=== Begin Enclosure ===
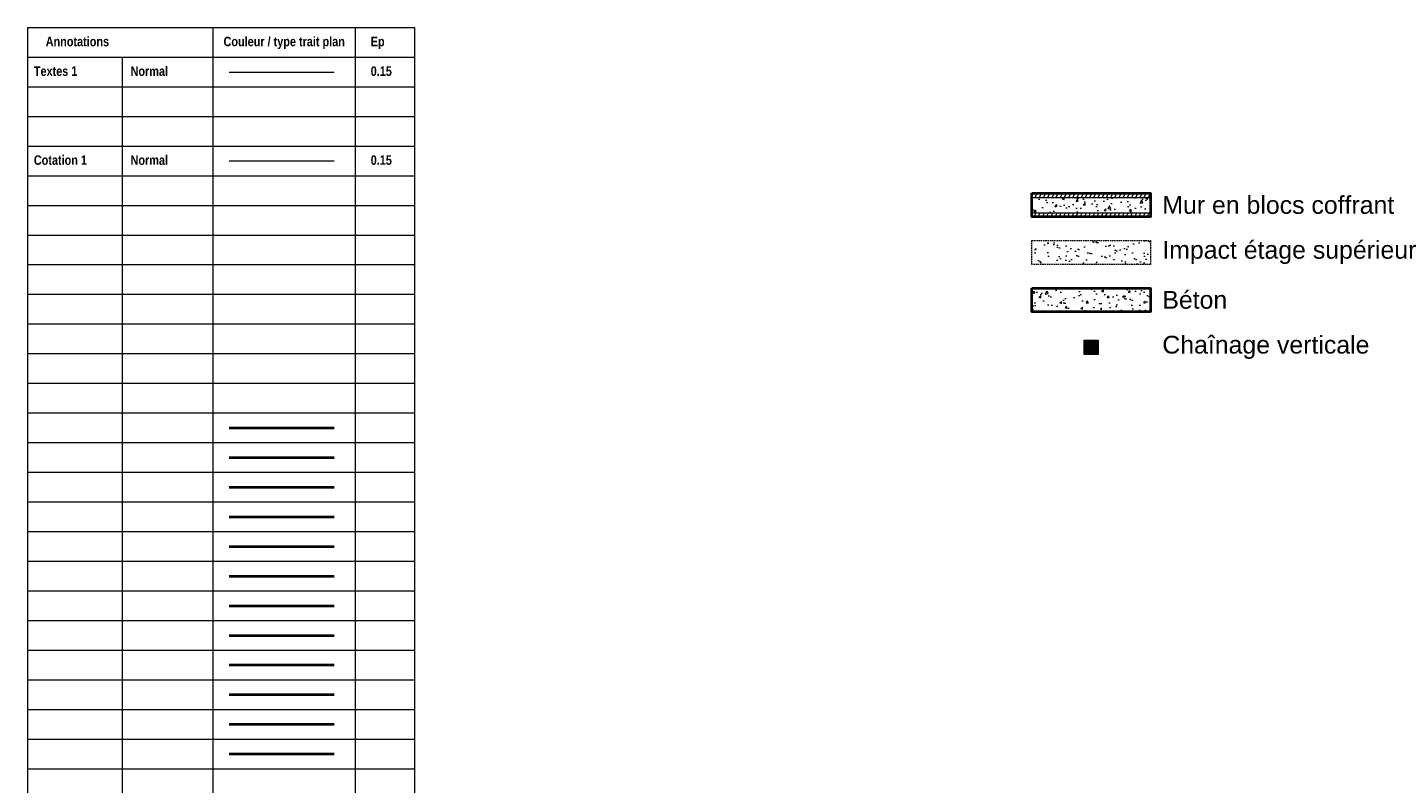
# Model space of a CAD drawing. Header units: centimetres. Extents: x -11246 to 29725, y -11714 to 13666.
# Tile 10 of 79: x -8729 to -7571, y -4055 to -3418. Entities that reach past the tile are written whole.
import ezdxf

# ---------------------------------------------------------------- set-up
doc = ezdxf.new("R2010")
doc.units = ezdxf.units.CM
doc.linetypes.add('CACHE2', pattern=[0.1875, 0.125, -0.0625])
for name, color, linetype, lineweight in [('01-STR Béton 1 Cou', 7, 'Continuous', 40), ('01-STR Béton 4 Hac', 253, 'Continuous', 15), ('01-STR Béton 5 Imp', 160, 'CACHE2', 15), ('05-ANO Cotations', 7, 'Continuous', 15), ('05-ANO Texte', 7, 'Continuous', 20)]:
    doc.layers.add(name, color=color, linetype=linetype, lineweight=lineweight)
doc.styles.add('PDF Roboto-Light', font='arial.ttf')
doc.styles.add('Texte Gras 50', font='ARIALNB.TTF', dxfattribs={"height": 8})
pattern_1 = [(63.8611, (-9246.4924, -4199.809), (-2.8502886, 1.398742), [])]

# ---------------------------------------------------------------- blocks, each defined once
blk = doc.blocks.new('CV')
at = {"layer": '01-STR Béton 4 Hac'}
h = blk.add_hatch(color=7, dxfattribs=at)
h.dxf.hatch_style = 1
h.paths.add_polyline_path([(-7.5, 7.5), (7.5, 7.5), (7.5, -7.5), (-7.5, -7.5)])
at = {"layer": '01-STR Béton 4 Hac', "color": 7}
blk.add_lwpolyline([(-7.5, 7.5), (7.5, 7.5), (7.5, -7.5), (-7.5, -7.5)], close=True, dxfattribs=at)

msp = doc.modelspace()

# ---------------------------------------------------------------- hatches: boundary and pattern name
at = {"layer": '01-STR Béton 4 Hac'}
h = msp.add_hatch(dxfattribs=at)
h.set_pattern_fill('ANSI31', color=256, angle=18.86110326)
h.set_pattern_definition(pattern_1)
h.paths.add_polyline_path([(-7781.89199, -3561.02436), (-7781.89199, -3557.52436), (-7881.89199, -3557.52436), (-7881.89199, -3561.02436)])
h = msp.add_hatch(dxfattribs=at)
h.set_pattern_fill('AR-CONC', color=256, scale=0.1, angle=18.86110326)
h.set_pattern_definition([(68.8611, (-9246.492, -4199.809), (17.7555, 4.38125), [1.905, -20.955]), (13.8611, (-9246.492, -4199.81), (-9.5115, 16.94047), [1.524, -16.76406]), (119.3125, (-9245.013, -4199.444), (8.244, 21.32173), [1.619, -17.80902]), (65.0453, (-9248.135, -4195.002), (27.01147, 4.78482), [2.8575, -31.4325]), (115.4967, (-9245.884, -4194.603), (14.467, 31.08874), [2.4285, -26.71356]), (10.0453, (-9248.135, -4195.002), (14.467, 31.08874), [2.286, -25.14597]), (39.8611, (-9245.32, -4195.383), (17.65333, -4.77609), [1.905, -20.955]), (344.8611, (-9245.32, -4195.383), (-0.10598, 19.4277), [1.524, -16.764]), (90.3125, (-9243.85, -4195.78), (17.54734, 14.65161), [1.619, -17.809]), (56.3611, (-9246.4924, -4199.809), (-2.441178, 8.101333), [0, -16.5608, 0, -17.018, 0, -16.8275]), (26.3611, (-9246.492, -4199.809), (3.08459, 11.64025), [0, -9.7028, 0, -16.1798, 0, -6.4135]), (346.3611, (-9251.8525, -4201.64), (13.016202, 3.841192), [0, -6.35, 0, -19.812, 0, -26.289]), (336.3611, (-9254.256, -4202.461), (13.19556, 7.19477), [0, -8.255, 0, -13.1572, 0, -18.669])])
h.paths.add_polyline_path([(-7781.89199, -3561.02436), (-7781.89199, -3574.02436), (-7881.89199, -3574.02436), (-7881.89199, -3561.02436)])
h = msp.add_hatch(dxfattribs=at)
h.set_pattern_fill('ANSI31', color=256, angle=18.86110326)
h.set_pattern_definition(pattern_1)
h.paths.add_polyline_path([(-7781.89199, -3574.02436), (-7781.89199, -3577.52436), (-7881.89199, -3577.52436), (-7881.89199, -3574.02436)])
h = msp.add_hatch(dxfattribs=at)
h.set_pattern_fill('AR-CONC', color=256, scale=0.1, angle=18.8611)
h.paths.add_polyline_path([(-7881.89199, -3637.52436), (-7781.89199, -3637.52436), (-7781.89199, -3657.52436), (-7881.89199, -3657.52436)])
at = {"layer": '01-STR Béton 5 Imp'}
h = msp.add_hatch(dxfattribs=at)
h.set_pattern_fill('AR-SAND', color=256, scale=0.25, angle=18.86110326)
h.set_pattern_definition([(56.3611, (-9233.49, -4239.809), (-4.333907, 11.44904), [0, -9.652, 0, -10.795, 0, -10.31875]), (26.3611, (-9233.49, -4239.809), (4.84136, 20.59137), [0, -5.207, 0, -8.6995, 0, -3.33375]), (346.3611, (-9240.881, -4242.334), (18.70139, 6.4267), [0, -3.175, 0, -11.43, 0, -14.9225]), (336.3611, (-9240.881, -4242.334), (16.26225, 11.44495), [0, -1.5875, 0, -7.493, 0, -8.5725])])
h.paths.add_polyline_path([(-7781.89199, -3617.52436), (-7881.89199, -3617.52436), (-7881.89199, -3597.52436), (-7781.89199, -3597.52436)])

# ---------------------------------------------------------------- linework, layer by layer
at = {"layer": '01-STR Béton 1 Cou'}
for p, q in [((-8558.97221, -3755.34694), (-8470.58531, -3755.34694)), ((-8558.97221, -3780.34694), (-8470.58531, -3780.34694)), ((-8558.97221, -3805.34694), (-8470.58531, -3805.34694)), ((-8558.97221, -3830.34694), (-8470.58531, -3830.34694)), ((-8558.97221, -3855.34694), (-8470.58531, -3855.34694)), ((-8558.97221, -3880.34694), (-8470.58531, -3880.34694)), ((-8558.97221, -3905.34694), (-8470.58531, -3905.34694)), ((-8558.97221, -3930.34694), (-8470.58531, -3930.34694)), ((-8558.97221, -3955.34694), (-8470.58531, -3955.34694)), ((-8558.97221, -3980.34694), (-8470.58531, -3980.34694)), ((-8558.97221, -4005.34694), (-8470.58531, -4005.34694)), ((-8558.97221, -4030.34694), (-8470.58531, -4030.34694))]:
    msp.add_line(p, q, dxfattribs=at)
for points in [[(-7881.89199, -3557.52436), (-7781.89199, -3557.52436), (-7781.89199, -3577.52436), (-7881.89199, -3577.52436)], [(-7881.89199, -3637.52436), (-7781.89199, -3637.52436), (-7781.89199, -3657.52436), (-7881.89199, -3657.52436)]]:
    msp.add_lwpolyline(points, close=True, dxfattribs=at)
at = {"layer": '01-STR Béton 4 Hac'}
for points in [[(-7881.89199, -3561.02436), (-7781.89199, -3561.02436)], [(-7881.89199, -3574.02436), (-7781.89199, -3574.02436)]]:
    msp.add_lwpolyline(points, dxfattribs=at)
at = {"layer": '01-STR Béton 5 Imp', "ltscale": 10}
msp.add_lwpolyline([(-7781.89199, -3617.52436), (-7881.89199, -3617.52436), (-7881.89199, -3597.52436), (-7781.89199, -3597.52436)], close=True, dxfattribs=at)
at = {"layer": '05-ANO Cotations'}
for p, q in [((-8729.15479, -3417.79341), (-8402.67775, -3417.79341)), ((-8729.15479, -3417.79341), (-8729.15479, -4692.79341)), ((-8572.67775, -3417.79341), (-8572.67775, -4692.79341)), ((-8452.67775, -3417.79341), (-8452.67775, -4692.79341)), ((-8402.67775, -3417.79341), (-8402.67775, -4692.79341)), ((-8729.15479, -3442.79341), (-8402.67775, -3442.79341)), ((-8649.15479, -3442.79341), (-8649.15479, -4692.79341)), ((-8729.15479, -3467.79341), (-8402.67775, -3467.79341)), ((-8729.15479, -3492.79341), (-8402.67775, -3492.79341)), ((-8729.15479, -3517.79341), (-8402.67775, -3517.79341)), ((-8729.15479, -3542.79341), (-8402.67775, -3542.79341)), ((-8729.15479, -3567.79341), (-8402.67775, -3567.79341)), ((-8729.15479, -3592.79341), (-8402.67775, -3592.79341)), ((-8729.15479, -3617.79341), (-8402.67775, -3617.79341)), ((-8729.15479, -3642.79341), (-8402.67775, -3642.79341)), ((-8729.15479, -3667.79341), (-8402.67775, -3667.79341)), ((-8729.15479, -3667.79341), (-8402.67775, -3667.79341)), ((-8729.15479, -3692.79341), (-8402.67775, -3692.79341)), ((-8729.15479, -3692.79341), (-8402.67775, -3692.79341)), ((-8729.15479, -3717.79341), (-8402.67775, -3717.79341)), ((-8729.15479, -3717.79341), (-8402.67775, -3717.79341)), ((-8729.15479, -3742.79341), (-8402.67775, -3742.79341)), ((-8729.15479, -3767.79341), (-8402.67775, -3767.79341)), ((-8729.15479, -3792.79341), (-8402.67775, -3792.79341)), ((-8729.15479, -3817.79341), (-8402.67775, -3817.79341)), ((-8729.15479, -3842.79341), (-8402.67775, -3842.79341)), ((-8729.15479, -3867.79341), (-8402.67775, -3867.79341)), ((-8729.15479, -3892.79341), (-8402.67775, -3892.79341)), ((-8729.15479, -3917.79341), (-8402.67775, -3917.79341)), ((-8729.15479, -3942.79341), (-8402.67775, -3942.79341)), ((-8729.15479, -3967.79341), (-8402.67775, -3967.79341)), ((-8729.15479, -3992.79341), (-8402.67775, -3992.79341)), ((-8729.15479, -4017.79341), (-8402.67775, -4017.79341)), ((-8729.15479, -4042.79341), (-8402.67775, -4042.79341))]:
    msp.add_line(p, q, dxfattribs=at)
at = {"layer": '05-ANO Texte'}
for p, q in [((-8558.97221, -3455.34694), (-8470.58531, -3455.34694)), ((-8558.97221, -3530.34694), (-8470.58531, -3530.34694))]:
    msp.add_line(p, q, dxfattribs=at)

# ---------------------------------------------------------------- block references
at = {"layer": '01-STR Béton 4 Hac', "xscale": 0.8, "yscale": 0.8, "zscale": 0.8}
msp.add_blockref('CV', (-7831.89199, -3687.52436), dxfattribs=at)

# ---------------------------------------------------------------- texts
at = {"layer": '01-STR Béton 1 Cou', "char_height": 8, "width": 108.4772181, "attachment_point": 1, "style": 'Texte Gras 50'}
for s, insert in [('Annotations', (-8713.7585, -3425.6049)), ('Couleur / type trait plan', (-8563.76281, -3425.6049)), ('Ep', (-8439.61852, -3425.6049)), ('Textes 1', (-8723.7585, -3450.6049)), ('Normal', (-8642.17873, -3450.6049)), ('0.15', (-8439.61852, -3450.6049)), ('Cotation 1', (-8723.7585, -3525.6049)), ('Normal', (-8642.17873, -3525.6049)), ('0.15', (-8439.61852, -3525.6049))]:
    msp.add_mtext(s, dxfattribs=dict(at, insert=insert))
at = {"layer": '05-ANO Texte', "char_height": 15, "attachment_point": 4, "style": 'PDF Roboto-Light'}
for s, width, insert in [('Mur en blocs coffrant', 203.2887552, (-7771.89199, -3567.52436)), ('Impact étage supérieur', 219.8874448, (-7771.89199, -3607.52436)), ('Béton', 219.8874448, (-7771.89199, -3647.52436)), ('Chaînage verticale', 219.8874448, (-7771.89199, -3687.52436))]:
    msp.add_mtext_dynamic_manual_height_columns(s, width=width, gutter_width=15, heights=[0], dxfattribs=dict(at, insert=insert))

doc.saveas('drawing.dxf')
=== End Enclosure ===
To do: Please report every line of the records above that contains the word "font".

Answer to this problem:
doc.styles.add('PDF Roboto-Light', font='arial.ttf')
doc.styles.add('Texte Gras 50', font='ARIALNB.TTF', dxfattribs={"height": 8})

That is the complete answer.